スプーンを両手で器用に使い、プリンをちまちまとすくって食べている。


「……おい、リック。それ何食ってんの」


「この……黄色くてぷるぷるしてるやつだ。冷蔵庫にあったぞ。うまいな!」


「それ……たぶん妹のやつ」


「プリン? なるほど、これは“プリン”というのか……名前まで美味そうだな」


「お前、冷蔵庫どうやって開けたんだよ……」


「……お前がさっき麦茶取りに行ったとき、開けっぱだったろ? あの隙にこっそりと。俺、そういうの得意なんだ。でもちゃんと取った後、閉めておいたぞ」


「いや、それでチャラにはならないから」


そのときだった。玄関が開く音が聞こえた。

廊下から足音がリビングに近づいてくる。


「リック!!」


俺の声に即反応し、リックが跳ね上がる。


「うおっ、実体解除!!」


ピシュンッ、と空気が揺れて、白い毛玉は俺以外から見えなくなる。


その数秒後、妹・菜摘が「ただいま~」と言ってリビングに入ってきた。


俺は反射的にテレビのリモコンを握る。


「あー、これ今日やるやつか〜……へー、特番だったんだ〜……」


ひとりごとのボリュームを不自然に上げる俺。


菜摘はちらっと目線だけを動かし、すっと冷蔵庫へ向かう。


扉を開ける。

中を確認しているようだ。


菜摘は扉を閉じ、そして――

「お兄ちゃーん、うちのプリン知らない?」


そのまま、テーブルへと視線を向けた。


「…………あ?」


テーブルの上に置かれた、食べかけのプリンカップ。

そしてスプーンが、その横に落ちている。


(終わった……)


「ど う い う こ と ぉ お お お お !?」


突然、リビングに爆音が響く。


俺はとっさに耳をふさいだ。反射的に口が動く。


「ま、まって菜摘! それは、その……違うんだ!」


「何が違うっていうの!? このプリンは今日のために昨日から楽しみにしてたのに――!」


テーブルをバンッと叩いた菜摘の怒気が爆発した。


「お兄ちゃん以外、こんなことする人いないでしょ!!」


(ひいいいいいいいいいいいいいい)




♢♢♢




その夜、俺の財布から小銭が消えていた。

しかも、プリン2個分。


「くそー、俺だって今月金ないのに……」


部屋のベッドに寝ころびながらぼやくと、どこからともなく、声が返ってくる。


「お前の妹……すごかったな。あの目、本気で殺されるかとおもったぞ……」

「でも、プリン……あれは禁断の味だった……できるなら一個だけ食べたい」


俺の勉強机の上で、もぐもぐと口を動かしながらしゃべっている白い獣。


「おまえ、何食ってんだ……」


リックが俺のポテトチップス九州しょうゆを抱えて、さも当然のようにバリバリと食っていた。

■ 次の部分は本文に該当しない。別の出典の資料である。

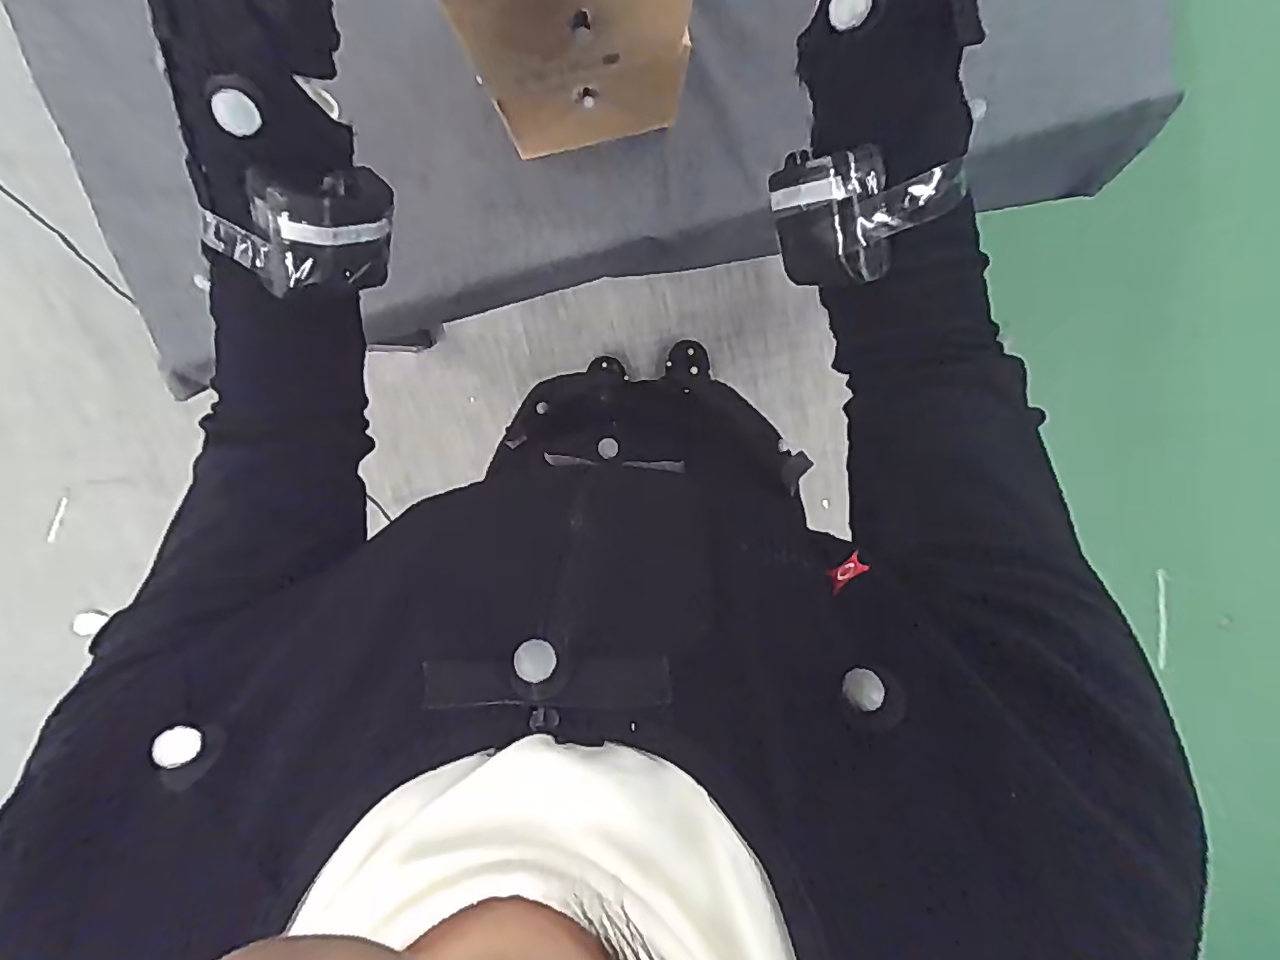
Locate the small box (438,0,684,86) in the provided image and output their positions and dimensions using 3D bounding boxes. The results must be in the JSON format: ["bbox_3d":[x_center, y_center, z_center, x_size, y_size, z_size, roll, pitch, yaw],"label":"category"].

「んー、ポテトチップスって書いてあるな。机に置いてあったから食べていいかと……」


「お前はほんと、反省って言葉知らねえのか!!」


「人間界の食べものがおいしすぎるのが悪いんだ……」


「そんな理由で許されるのは子どもだけだ!!」


その日から、許可されていないものは勝手に食べない、というルールが俺たちの中に出来た。